Title: Two Worlds (or whatever it'll be)
Author:
genderblenderFandom: Comics/DCU
Characters: Booster Gold, Rip Hunter, Blue Beetle II(lies)
Part: Prologue.
Summary: ... what?
Rip Hunter slipped out of the time stream into the world he should call home: Chicago, 2045. Of course, traveling through time made it very difficult for him to call anytime home. Still, this was where his parents raised him; this was home base:
It might have been naive of him to think his mother would be there waiting for him to wrap him in hugs and offer him homemade pie and ice cream, but it didn't stop him from hoping she would at least be there to welcome him home.
That wasn't the case, of course. Rip's mother wasn't that kind of lady. The house was, as usual, a mess. Almost every surface was covered in some kind of trinket from almost every point in time. Rip hurried down the stairs to the garage, that had been expertly turned into a laboratory, and peered inside. "Mom, I'm home," he announced to the figure hunched over a stool, fiddling with a bit of machinery from the 31st century.
Rip waited, folding his arms over his chest for his mother to stop working and acknowledge his arrival. Going home always made Rip feel like a kid.
"Eddie!" Rip's mother finally lifted her head from the project, and she regarded her son with a warm smile, laugh lines creasing on her otherwise youthful visage. Her cheeks were stained with grease, and her greying, auburn hair curled away from her round face. She held out her arms, but didn't stand from the stool and before she could demand a hug, Rip was already wrapping his arms around her giving the older woman a loving squeeze.
"You look great, mom," he said, feeling like a child again.
"Don't you start with me, young man. You're buttering me up for a reason. Did you bring your father?" She straightened up in her chair and smoothed a hand through her hair, which only caused more strands of hair to spring from the short ponytail.
"No, mom, Dad didn't follow me this time."
"Or any other time you come home! I swear, one of these days I want to see both my boys together from the same time and in the same place!" She pushed herself off from the chair and wrapped an arm around her son's broad shoulders.
"Look at that awful brown hair," she commented with a laugh, "You're in the middle of training Booster, aren't you?"
"Yes ma'am. I just sent him on his biggest mission yet." Rip shook out his head of dyed brown hair after his mother ruffled it with a laugh.
"Well, he better not mess that up!" Rip's mother bustled around the laboratory, putting away extra tools and wires that she was no longer using, her goggles pushed up onto her head. She stopped at a large panel and poked at a button, stabbing it a few extra times for emphasis. "Where is that father of yours?!"

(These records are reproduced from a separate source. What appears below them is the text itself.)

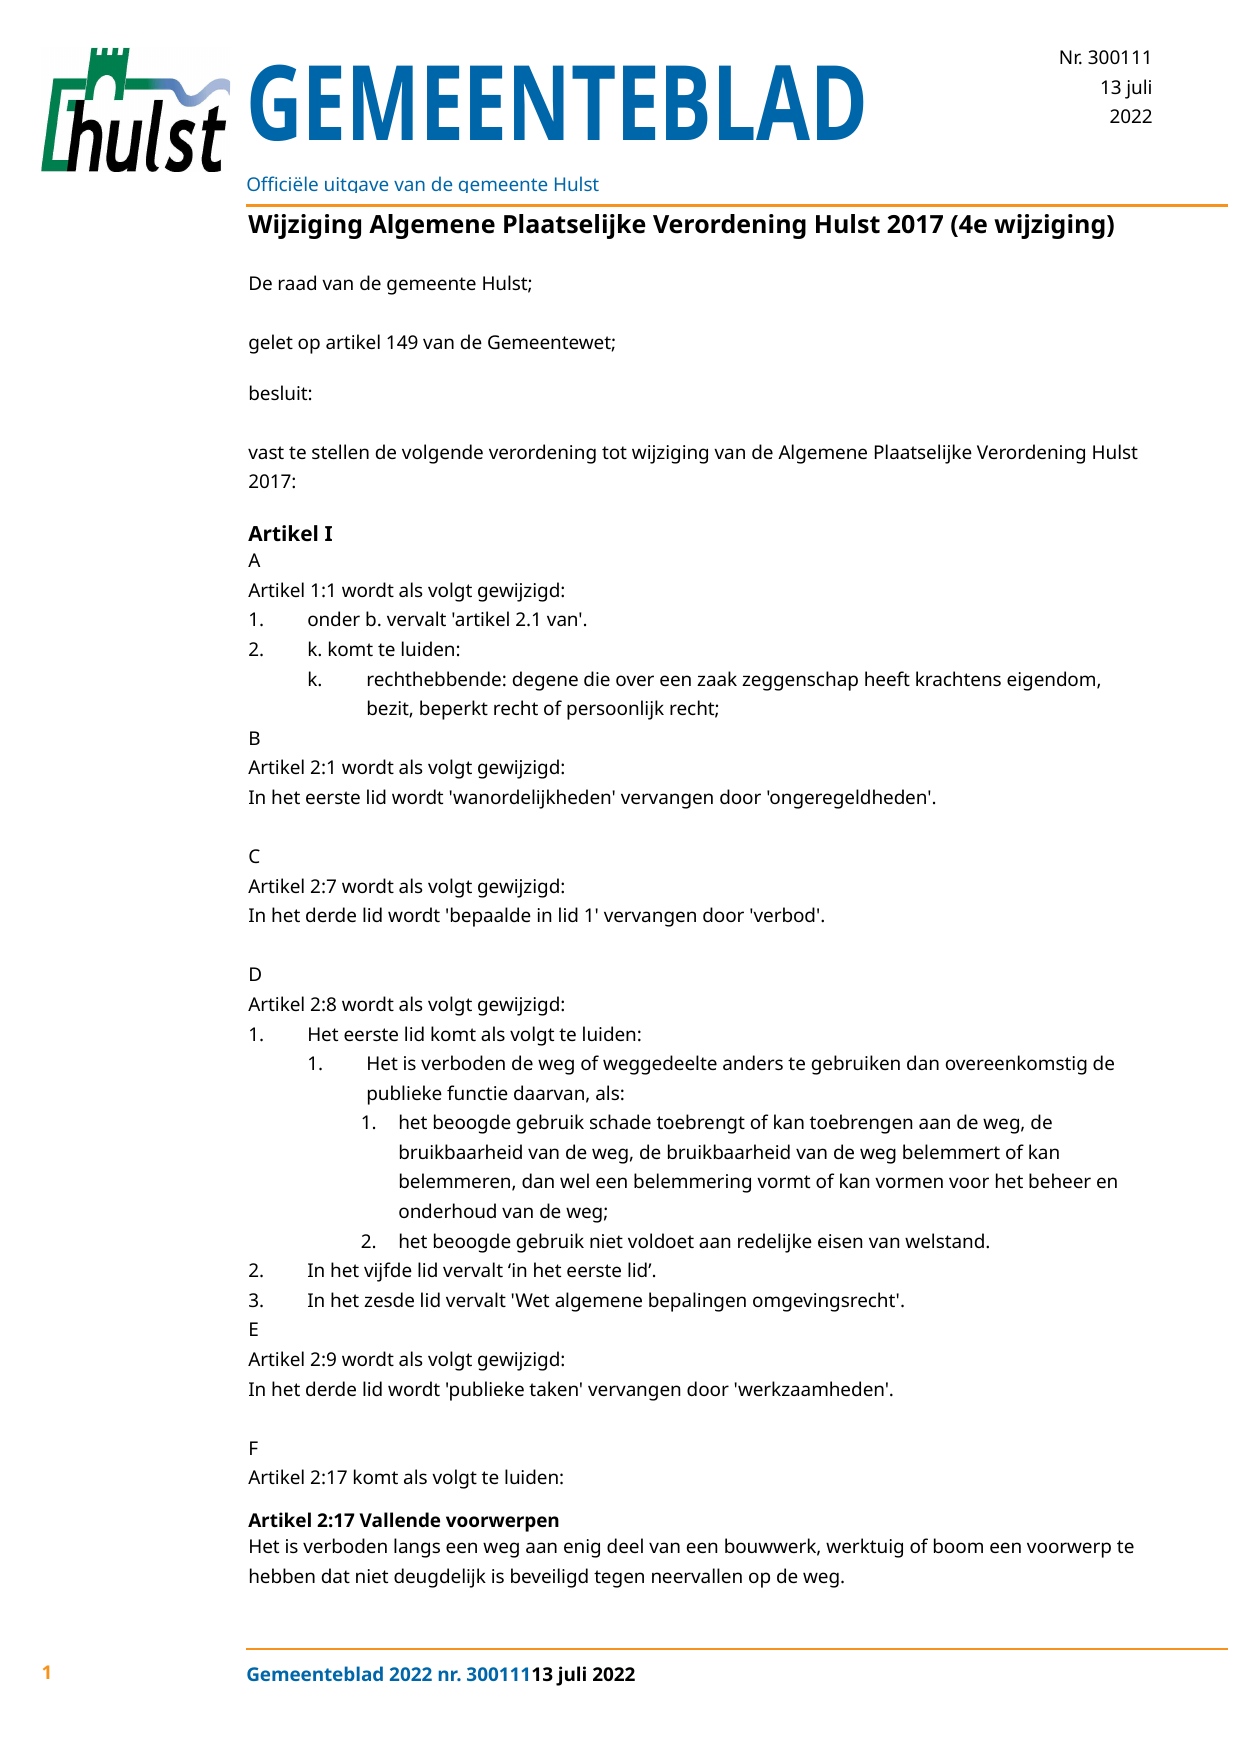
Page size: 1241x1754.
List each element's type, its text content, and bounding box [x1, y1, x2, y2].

list k. komt te luiden: [248, 636, 1152, 662]
text gelet op artikel 149 van de Gemeentewet; [248, 329, 1152, 355]
list onder b. vervalt 'artikel 2.1 van'. [248, 607, 1152, 632]
text C [248, 843, 1152, 869]
text Artikel 2:17 Vallende voorwerpen [248, 1508, 1152, 1533]
list Het eerste lid komt als volgt te luiden: [248, 1021, 1152, 1046]
list rechthebbende: degene die over een zaak zeggenschap heeft krachtens eigendom, bezit, beperkt recht of persoonlijk recht; [307, 666, 1152, 721]
text Artikel 2:9 wordt als volgt gewijzigd: [248, 1346, 1152, 1372]
text vast te stellen de volgende verordening tot wijziging van de Algemene Plaatselijke Verordening Hulst 2017: [248, 439, 1152, 494]
text Het is verboden langs een weg aan enig deel van een bouwwerk, werktuig of boom een voorwerp te hebben dat niet deugdelijk is beveiligd tegen neervallen op de weg. [248, 1533, 1152, 1589]
list het beoogde gebruik schade toebrengt of kan toebrengen aan de weg, de bruikbaarheid van de weg, de bruikbaarheid van de weg belemmert of kan belemmeren, dan wel een belemmering vormt of kan vormen voor het beheer en onderhoud van de weg; [361, 1109, 1152, 1224]
text Artikel I [248, 519, 1152, 547]
text Artikel 2:7 wordt als volgt gewijzigd: [248, 873, 1152, 898]
list In het zesde lid vervalt 'Wet algemene bepalingen omgevingsrecht'. [248, 1287, 1152, 1313]
text F [248, 1435, 1152, 1461]
text D [248, 962, 1152, 987]
text Wijziging Algemene Plaatselijke Verordening Hulst 2017 (4e wijziging) [248, 207, 1152, 241]
picture [41, 47, 231, 172]
text B [248, 725, 1152, 751]
list het beoogde gebruik niet voldoet aan redelijke eisen van welstand. [361, 1228, 1152, 1253]
text Artikel 2:8 wordt als volgt gewijzigd: [248, 991, 1152, 1017]
text E [248, 1317, 1152, 1342]
text In het derde lid wordt 'publieke taken' vervangen door 'werkzaamheden'. [248, 1376, 1152, 1401]
text De raad van de gemeente Hulst; [248, 270, 1152, 296]
text Artikel 2:1 wordt als volgt gewijzigd: [248, 754, 1152, 780]
text A [248, 547, 1152, 573]
list In het vijfde lid vervalt ‘in het eerste lid’. [248, 1257, 1152, 1283]
text In het eerste lid wordt 'wanordelijkheden' vervangen door 'ongeregeldheden'. [248, 784, 1152, 810]
text besluit: [248, 380, 1152, 406]
text Artikel 1:1 wordt als volgt gewijzigd: [248, 577, 1152, 603]
text In het derde lid wordt 'bepaalde in lid 1' vervangen door 'verbod'. [248, 902, 1152, 928]
list Het is verboden de weg of weggedeelte anders te gebruiken dan overeenkomstig de publieke functie daarvan, als: [307, 1050, 1152, 1106]
text Artikel 2:17 komt als volgt te luiden: [248, 1464, 1152, 1490]
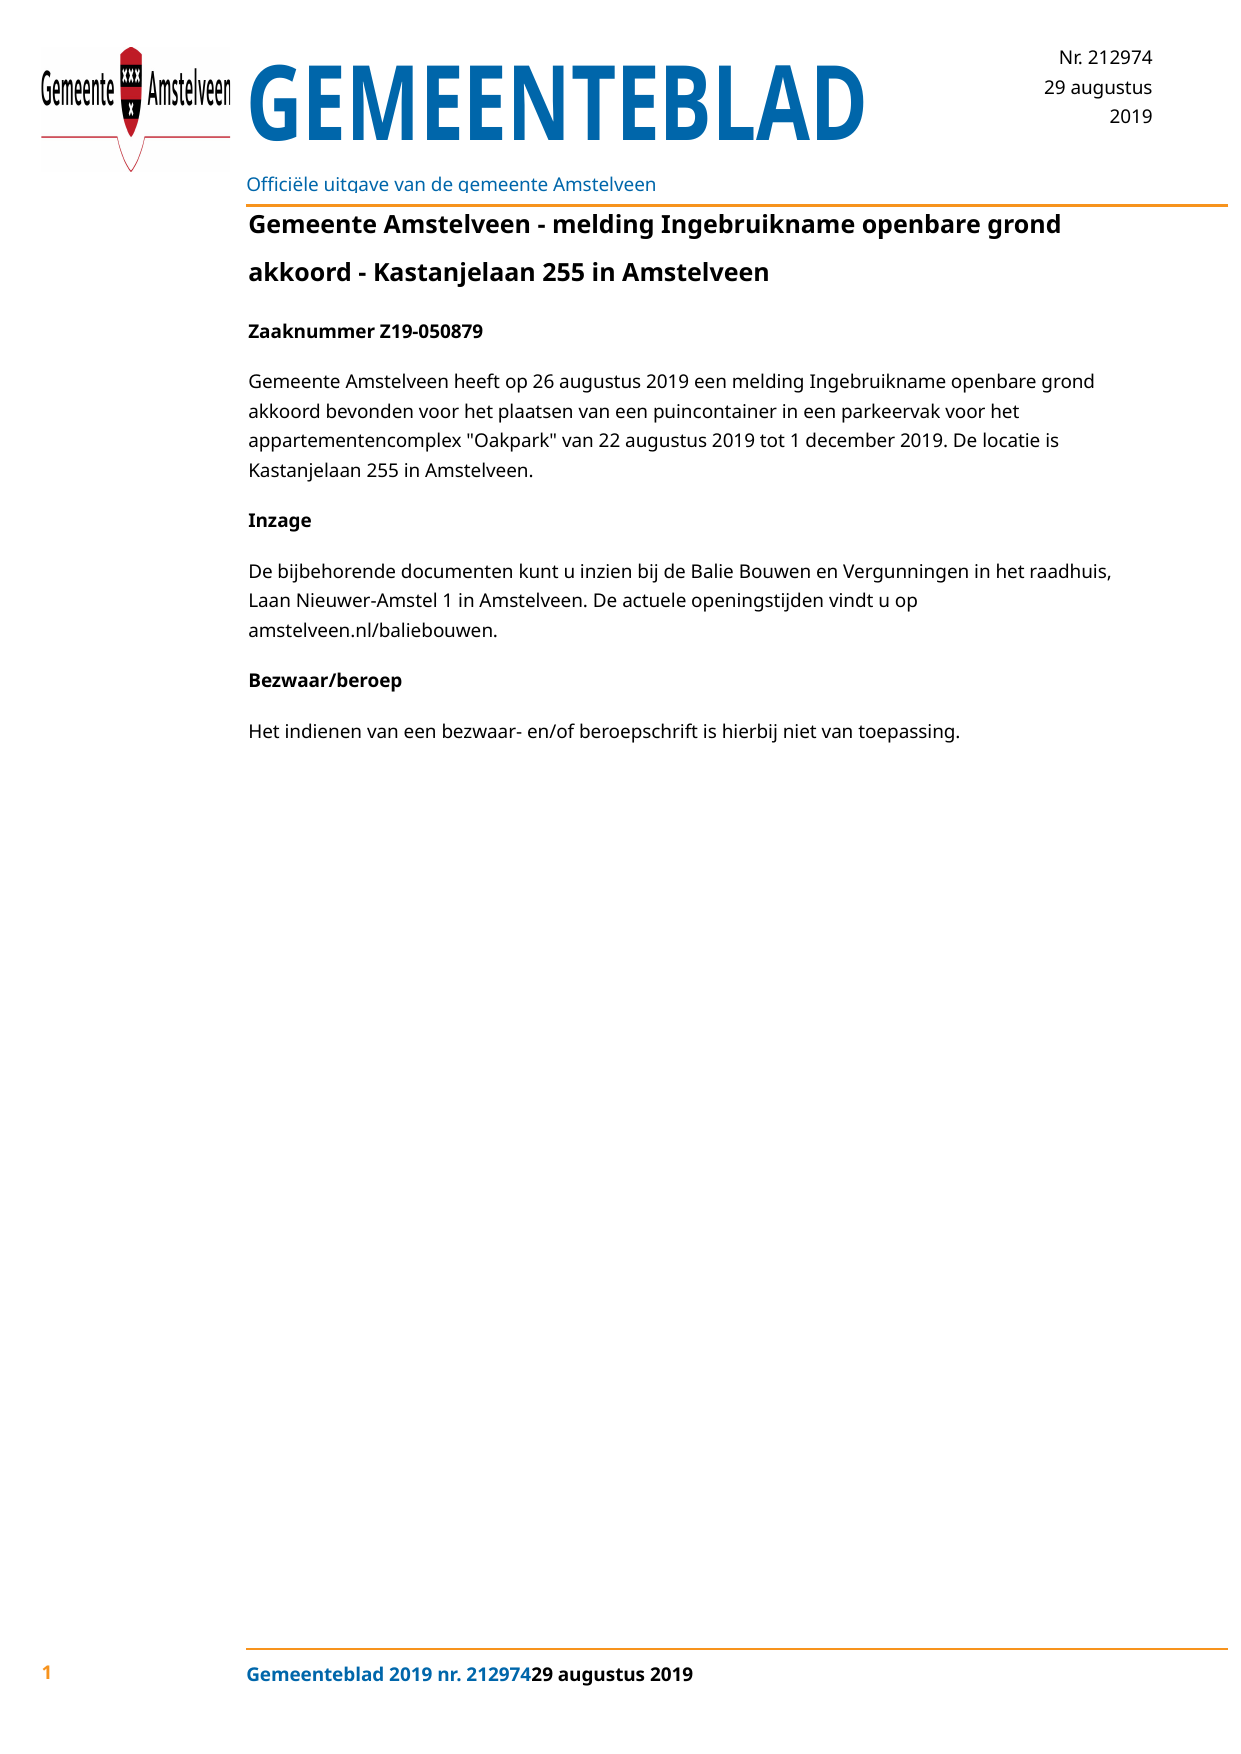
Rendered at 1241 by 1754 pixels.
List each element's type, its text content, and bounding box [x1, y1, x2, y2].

text De bijbehorende documenten kunt u inzien bij de Balie Bouwen en Vergunningen in het raadhuis, Laan Nieuwer-Amstel 1 in Amstelveen. De actuele openingstijden vindt u op amstelveen.nl/baliebouwen. [248, 558, 1152, 643]
text Inzage [248, 507, 1152, 533]
text Gemeente Amstelveen heeft op 26 augustus 2019 een melding Ingebruikname openbare grond akkoord bevonden voor het plaatsen van een puincontainer in een parkeervak voor het appartementencomplex "Oakpark" van 22 augustus 2019 tot 1 december 2019. De locatie is Kastanjelaan 255 in Amstelveen. [248, 368, 1152, 483]
text Bezwaar/beroep [248, 667, 1152, 693]
text Zaaknummer Z19-050879 [248, 318, 1152, 344]
picture [41, 47, 231, 172]
text Het indienen van een bezwaar- en/of beroepschrift is hierbij niet van toepassing. [248, 718, 1152, 744]
text Gemeente Amstelveen - melding Ingebruikname openbare grond akkoord - Kastanjelaan 255 in Amstelveen [248, 207, 1152, 288]
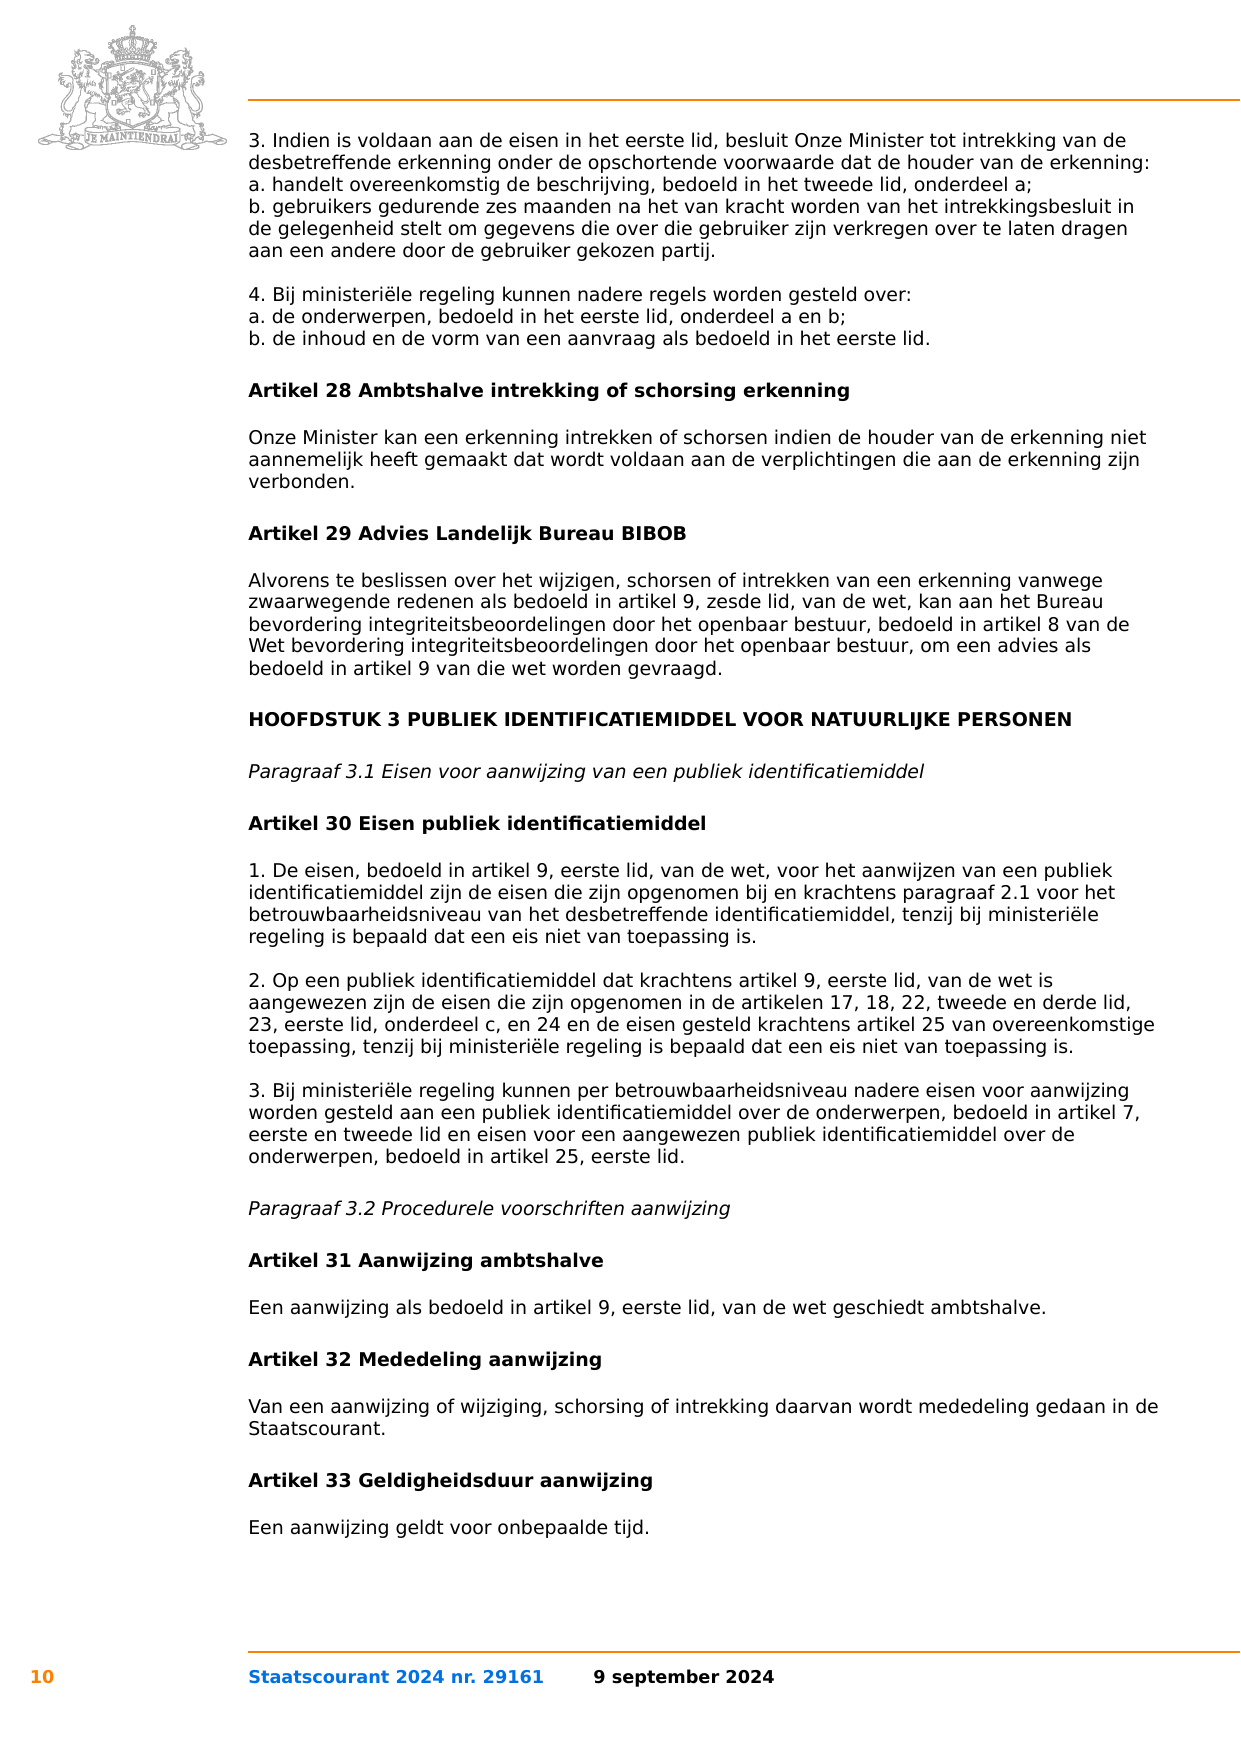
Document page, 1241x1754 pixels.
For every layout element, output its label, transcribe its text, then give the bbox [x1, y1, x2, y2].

text 3. Bij ministeriële regeling kunnen per betrouwbaarheidsniveau nadere eisen voor aanwijzing worden gesteld aan een publiek identificatiemiddel over de onderwerpen, bedoeld in artikel 7, eerste en tweede lid en eisen voor een aangewezen publiek identificatiemiddel over de onderwerpen, bedoeld in artikel 25, eerste lid. [248, 1080, 1163, 1168]
text Een aanwijzing geldt voor onbepaalde tijd. [248, 1517, 1163, 1539]
text b. gebruikers gedurende zes maanden na het van kracht worden van het intrekkingsbesluit in de gelegenheid stelt om gegevens die over die gebruiker zijn verkregen over te laten dragen aan een andere door de gebruiker gekozen partij. [248, 196, 1163, 262]
text 3. Indien is voldaan aan de eisen in het eerste lid, besluit Onze Minister tot intrekking van de desbetreffende erkenning onder de opschortende voorwaarde dat de houder van de erkenning: [248, 130, 1163, 174]
text a. de onderwerpen, bedoeld in het eerste lid, onderdeel a en b; [248, 306, 1163, 328]
subtitle Artikel 29 Advies Landelijk Bureau BIBOB [248, 522, 1163, 544]
subtitle Paragraaf 3.2 Procedurele voorschriften aanwijzing [248, 1198, 1163, 1220]
subtitle Artikel 28 Ambtshalve intrekking of schorsing erkenning [248, 379, 1163, 402]
text b. de inhoud en de vorm van een aanvraag als bedoeld in het eerste lid. [248, 328, 1163, 349]
text a. handelt overeenkomstig de beschrijving, bedoeld in het tweede lid, onderdeel a; [248, 174, 1163, 196]
text 4. Bij ministeriële regeling kunnen nadere regels worden gesteld over: [248, 284, 1163, 306]
subtitle Paragraaf 3.1 Eisen voor aanwijzing van een publiek identificatiemiddel [248, 761, 1163, 783]
subtitle HOOFDSTUK 3 PUBLIEK IDENTIFICATIEMIDDEL VOOR NATUURLIJKE PERSONEN [248, 709, 1163, 731]
subtitle Artikel 30 Eisen publiek identificatiemiddel [248, 813, 1163, 835]
text Een aanwijzing als bedoeld in artikel 9, eerste lid, van de wet geschiedt ambtshalve. [248, 1297, 1163, 1319]
text Alvorens te beslissen over het wijzigen, schorsen of intrekken van een erkenning vanwege zwaarwegende redenen als bedoeld in artikel 9, zesde lid, van de wet, kan aan het Bureau bevordering integriteitsbeoordelingen door het openbaar bestuur, bedoeld in artikel 8 van de Wet bevordering integriteitsbeoordelingen door het openbaar bestuur, om een advies als bedoeld in artikel 9 van die wet worden gevraagd. [248, 569, 1163, 679]
subtitle Artikel 32 Mededeling aanwijzing [248, 1349, 1163, 1371]
text 2. Op een publiek identificatiemiddel dat krachtens artikel 9, eerste lid, van de wet is aangewezen zijn de eisen die zijn opgenomen in de artikelen 17, 18, 22, tweede en derde lid, 23, eerste lid, onderdeel c, en 24 en de eisen gesteld krachtens artikel 25 van overeenkomstige toepassing, tenzij bij ministeriële regeling is bepaald dat een eis niet van toepassing is. [248, 970, 1163, 1058]
subtitle Artikel 31 Aanwijzing ambtshalve [248, 1250, 1163, 1272]
text 1. De eisen, bedoeld in artikel 9, eerste lid, van de wet, voor het aanwijzen van een publiek identificatiemiddel zijn de eisen die zijn opgenomen bij en krachtens paragraaf 2.1 voor het betrouwbaarheidsniveau van het desbetreffende identificatiemiddel, tenzij bij ministeriële regeling is bepaald dat een eis niet van toepassing is. [248, 860, 1163, 948]
text Van een aanwijzing of wijziging, schorsing of intrekking daarvan wordt mededeling gedaan in de Staatscourant. [248, 1396, 1163, 1440]
text Onze Minister kan een erkenning intrekken of schorsen indien de houder van de erkenning niet aannemelijk heeft gemaakt dat wordt voldaan aan de verplichtingen die aan de erkenning zijn verbonden. [248, 427, 1163, 492]
picture [38, 25, 227, 150]
subtitle Artikel 33 Geldigheidsduur aanwijzing [248, 1470, 1163, 1492]

"If he's in the middle of a mission, I doubt paging him this many times will change anything," Rip started, but he didn't make any motion to stop her.
She rolled her eyes. "I know how important missions can be, Eddie. I swear, he's going to show up demanding dinner and claim he saved the multiverses all over again. That isn't his job, it's mine." she punctuated the statement by pulling the large domed goggles over her eyes.
Rip would have commented about how ridiculous she looked, but he also was aware of the dangers of such a statement, so he straightened his back and gave his mother a military salute instead. "Of course it's your job! You always have to pick up after him anyway."
Rip's mother laughed one of those loud, boisterous laughs of hers. "Come on, son, we'll get started on dinner now and make sure he doesn't get any dessert." It sounded like a joke, but she always followed through with her threats.
Rip's father eventually showed up, halfway through dessert, and just as his mother had said, Booster made a fuss about how he saved the multiverses and deserved an ice cream sundae. He didn't get any. Instead he got a stern scolding and a kiss on the cheek for good behavior.
"Please, Dora, just one bite?"
"No, Michael, and if you keep asking you won't get dessert tomorrow either!"
That was the one thing about his job that made Rip smile: he knew that the man he was in the process of dilligently training would one day grow up to be the amused, cheerful man in front of him. He leaned back in his chair and watched his parents playfully argue it out. His mother always won. "You know," he finally began over their duet of voices, "I just sent young Booster Gold off on a trip through the multiverses."
Dora pat her husband's chest through the fabric of his sweater. "Listen to that! You're on your way to meeting me, I bet!"
"I better go stop him! Save himself a lifetime of earaches by keeping him away from that auburn haired vixen!" Booster replied with a laugh and made an exaggerated motion to jump back through time. Despite his joking, Rip could see the look of loving affection he happily gave his wife as he kissed the top of her head with a smile.
"And I'll go tell myself to stay away from that suave, golden boy just because he reminds her of an old friend!" Rip's mother retorted, slapping the man across the chest, but there was laughter in her eyes.
Rip's parents told him and his sister the story countless times over the years, about how they met and how they fell in love and got married and had two beautiful children. He remembered it sounding more like a fairy tale as a child, and more like a comedy of errors the older he became and the more honestly the story was told. Still, in the end it always boiled down to two things: love across two worlds, and love between best friends.